Les leçons internationales : des exemples préoccupants

Le Royaume-Uni : entre progressisme affiché et validisme latent

Au Royaume-Uni, le Terminally Ill Adults (End of Life) Bill, voté par le Parlement britannique, est présenté comme une avancée « progressiste ». Pourtant, cette loi permettant aux personnes atteintes de maladies terminales d’accéder à l’aide médicale à mourir suscite de vives inquiétudes parmi les militant·es handicapés.

Des organisations comme Not Dead Yet UK dénoncent le risque que cette législation renforce le validisme systémique et expose les personnes handicapées à des dérives graves. Dans un monde où elles sont perçues comme des fardeaux économiques et sociaux, la notion de « choix libre » est largement compromise par les pressions sociales et économiques. Ce débat n’est pas une question de “droit individuel”, mais un révélateur du validisme systémique et des inégalités structurelles qui fragilisent les personnes handicapées. 

Des scandales, tels que l’imposition de directives « ne pas réanimer » à des personnes handicapées sans leur consentement pendant la pandémie de COVID-19, montrent comment les institutions peuvent dévaloriser des vies jugées « moins dignes ». Liz Carr, militante antivalidiste et actrice, met en lumière ces enjeux dans son documentaire “Better Off Dead”, où elle avertit des risques d’un glissement vers une extension des critères d’euthanasie, comme au Canada, ou encore dans une interview pour la BBC en 2024.

Les militant·es rappellent que les personnes handicapées ont besoin d’investissements massifs dans les services publics, la santé et une société inclusive, et non d’une « porte de sortie » imposée par une société qui refuse de garantir des conditions de vie dignes. Ils dénoncent une fausse dichotomie entre souffrance et mort, faute de vouloir traiter les causes de cette première.
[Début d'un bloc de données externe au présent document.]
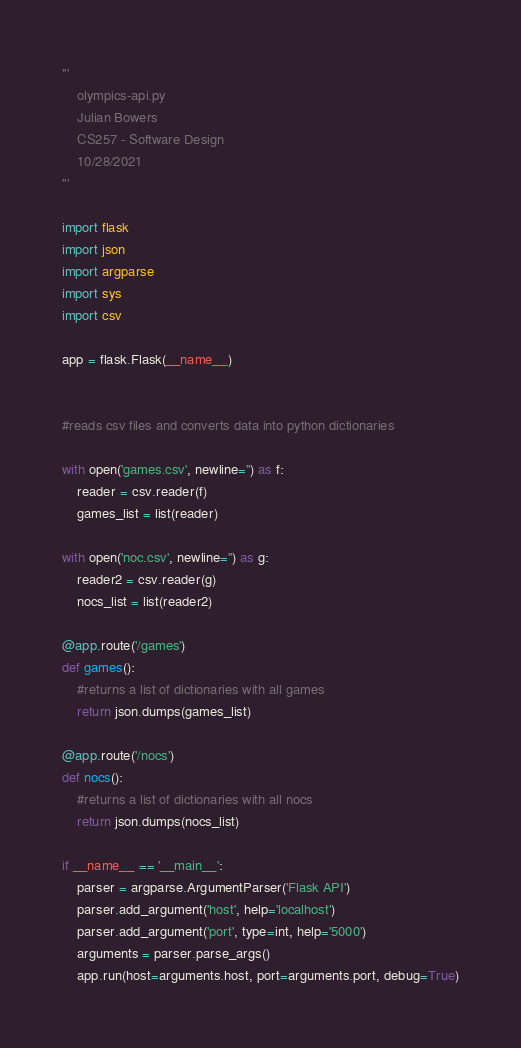<code> <loc_0><loc_0><loc_500><loc_500><_Python_>'''
	olympics-api.py
	Julian Bowers
	CS257 - Software Design
	10/28/2021
'''

import flask
import json
import argparse
import sys
import csv

app = flask.Flask(__name__)


#reads csv files and converts data into python dictionaries

with open('games.csv', newline='') as f:
	reader = csv.reader(f)
	games_list = list(reader)
	
with open('noc.csv', newline='') as g:
	reader2 = csv.reader(g)
	nocs_list = list(reader2)

@app.route('/games')
def games():
	#returns a list of dictionaries with all games
	return json.dumps(games_list)

@app.route('/nocs')
def nocs():
	#returns a list of dictionaries with all nocs
	return json.dumps(nocs_list)

if __name__ == '__main__':
	parser = argparse.ArgumentParser('Flask API')
	parser.add_argument('host', help='localhost')
	parser.add_argument('port', type=int, help='5000')
	arguments = parser.parse_args()
	app.run(host=arguments.host, port=arguments.port, debug=True)</code> 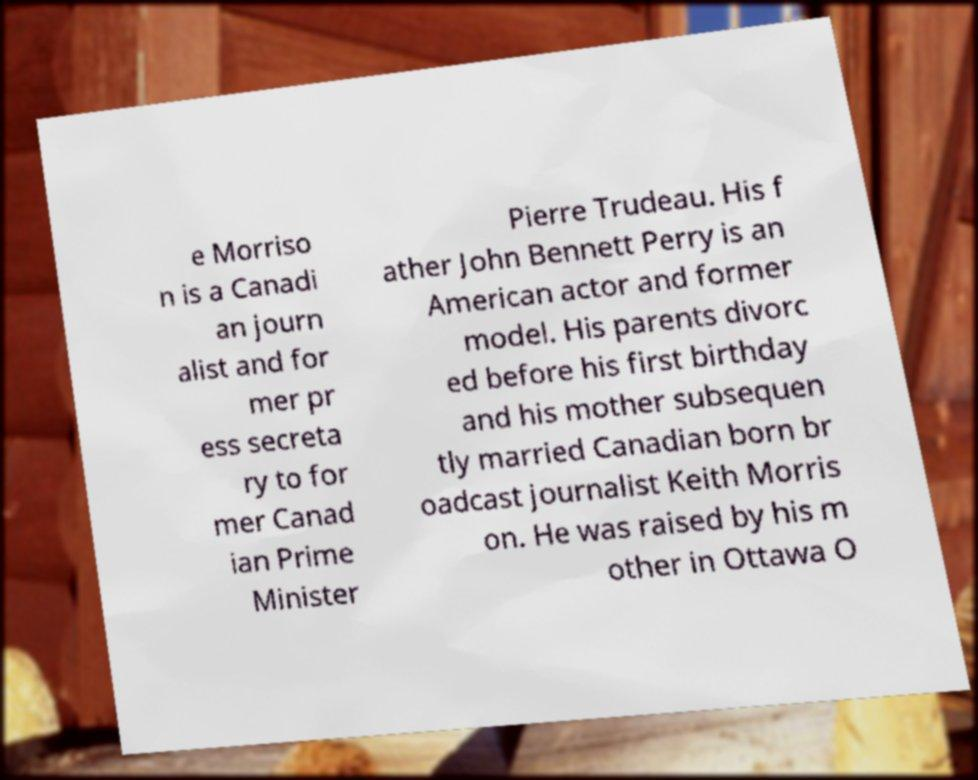Please read and relay the text visible in this image. What does it say? e Morriso n is a Canadi an journ alist and for mer pr ess secreta ry to for mer Canad ian Prime Minister Pierre Trudeau. His f ather John Bennett Perry is an American actor and former model. His parents divorc ed before his first birthday and his mother subsequen tly married Canadian born br oadcast journalist Keith Morris on. He was raised by his m other in Ottawa O

Le Canada : l’euthanasie comme réponse à la précarité

Depuis l’instauration du Medical Assistance in Dying (MAiD) en 2016, initialement limité aux maladies terminales, la loi canadienne a été élargie en 2021 aux handicaps non terminaux. Cependant, ce « choix » reflète bien souvent les défaillances d’un système incapable de répondre aux besoins fondamentaux des personnes handicapées, incapable de respecter leurs droits, un « choisir la mort » bien obligé face aux conditions de vie précaires et aux inégalités systémiques, à l’absence de logement et à la maltraitance dans le système de santé.

Voici des exemples qui illustrent ces dérives :

1. Un homme perdant son logement : Un homme souffrant de douleurs chroniques a demandé le MAiD non pas parce qu’il voulait mourir, mais parce qu’il se retrouvait sans logement après la vente de son appartement. Son faible revenu, l’équivalent de l’AAH, l’empêchait de se reloger, et la demande de MAiD a été validée par les médecins, bien qu’il ait clairement exprimé qu’il ne souhaitait pas mourir. 

2. Maltraitance hospitalière : Un autre cas est celui d’un homme ayant été hospitalisé et maltraité au point de développer des escarres graves après des heures d’attente aux urgences. Il a demandé le MAiD, considérant que la maltraitance subie était un indicateur de l’échec du système de santé à répondre à ses besoins. 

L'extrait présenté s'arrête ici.